Patterns of forest ownership across the U.S.
(from U.S. Forest Service General Technical
Report 2008).

Challenges for Bird Conservation on Private Forests

The single largest threat to private forests is increased parcelization, or the breaking up of blocks of forest land into smaller blocks, often for sale and development. Forests are being lost and fragmented due to depressed timber values and higher economic gains from residential development or agricultural expansion. Pressures to sell off land can result in new management objectives that do not include maintaining forest habitat. Strong timber markets help reduce this pressure. Conservation easements—between private landowners and federal, state, or non-profit conservation groups—also provide incentives to private forest owners, in exchange for agreements to continue to manage working forests and maintain contiguous forest blocks in perpetuity to benefit birds and other wildlife.
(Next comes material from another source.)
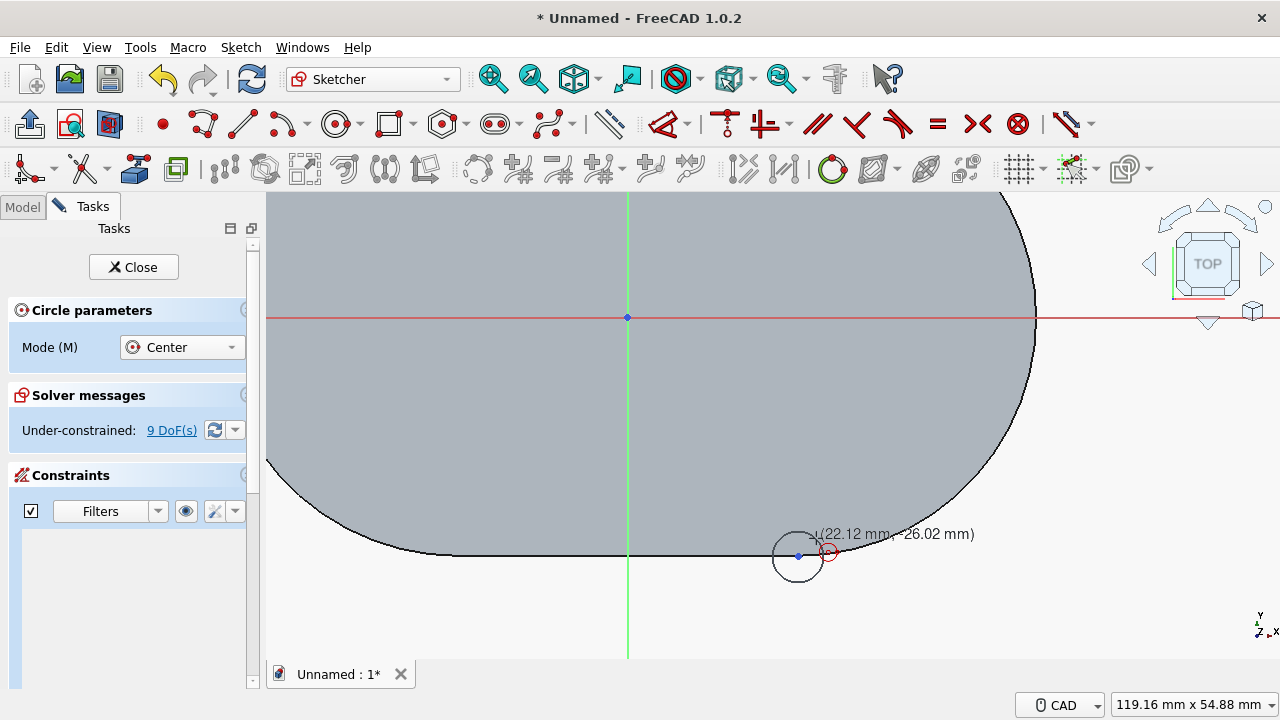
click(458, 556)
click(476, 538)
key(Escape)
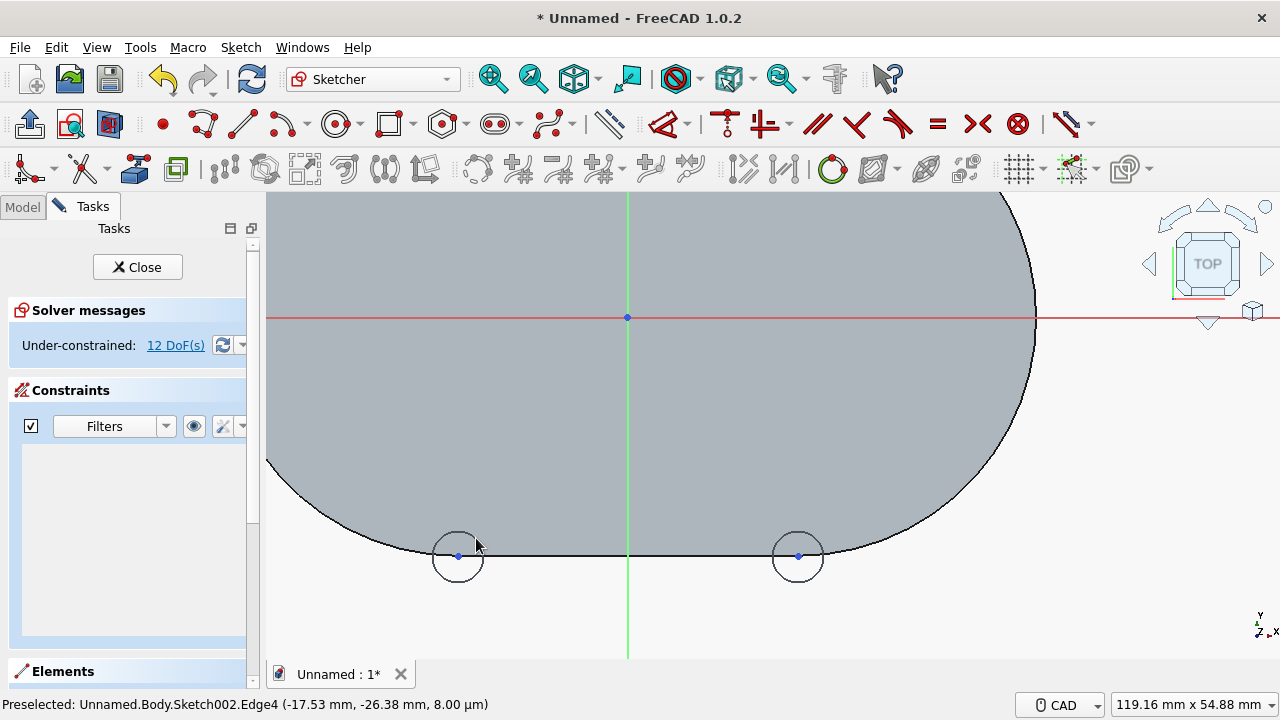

Because parcels of private forest are often small, and landscapes with many private forests can have multiple owners, a coordinated approach to controlling invasive species, fire management, or over-browsing by white-tailed deer is much more difficult than on large public lands. Corporate and family forest owners often must balance the needs of timber production, recreation, livestock grazing, and other economic benefits with those of wildlife or nature. Many programs are available to private owners of forest lands that provide incentives for conservation.